Geary took a deep breath, exhaling slowly before replying. “That’s a weapon I will not use by choice. Hopefully never, but certainly not by choice. Keep it safe, keep it hidden, Madam Co-President. When we get home, I’m sure there’s people you’ll be able to trust with knowledge of it.”

She shook her head. “There you are wrong, Captain Geary. No one can be trusted with this knowledge.”

“You want to destroy it?”

“And if I do?”

He thought again for a little while. “I guess I wouldn’t know. It’s up to you.”

Rione stood up, coming closer to peer at Geary. “I don’t understand you. Every time I think I do, you do something that doesn’t match what I know of you.”

“Maybe you’re trying too hard.” Geary smiled humorlessly. “I’m not all that complex.”

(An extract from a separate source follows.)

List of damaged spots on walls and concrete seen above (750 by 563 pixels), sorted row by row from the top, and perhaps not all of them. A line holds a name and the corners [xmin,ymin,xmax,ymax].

“Don’t underestimate yourself, Captain Geary. You’re far more complex than whatever theory underlies the hypernet. I just hope I figure you out eventually.”

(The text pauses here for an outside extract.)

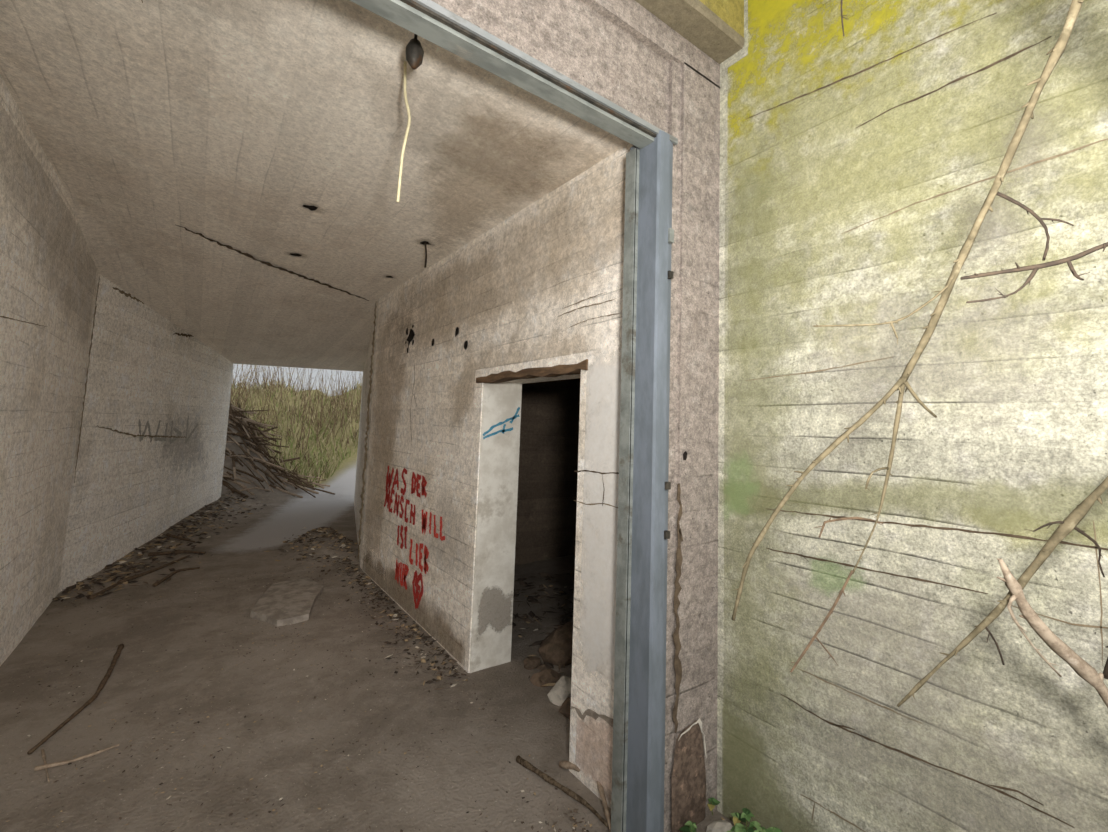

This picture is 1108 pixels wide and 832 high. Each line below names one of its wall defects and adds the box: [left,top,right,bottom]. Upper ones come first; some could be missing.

spalling [478,588,513,635]
crack [673,483,683,733]
spalling [671,718,707,832]

He nodded. “When you do, give me a briefing so we’ll both have me figured out.”

“I’ll do that.” Rione turned to go, then looked back at him. “You’re either that most dangerous of demagogues, one who outwardly so perfectly pretends to be honest and honorable that others can’t find grounds to hate or distrust him, or else I’ve misjudged you again. I sincerely hope I am in error, Captain Geary, because otherwise you are even more dangerous than I’d believed before this.”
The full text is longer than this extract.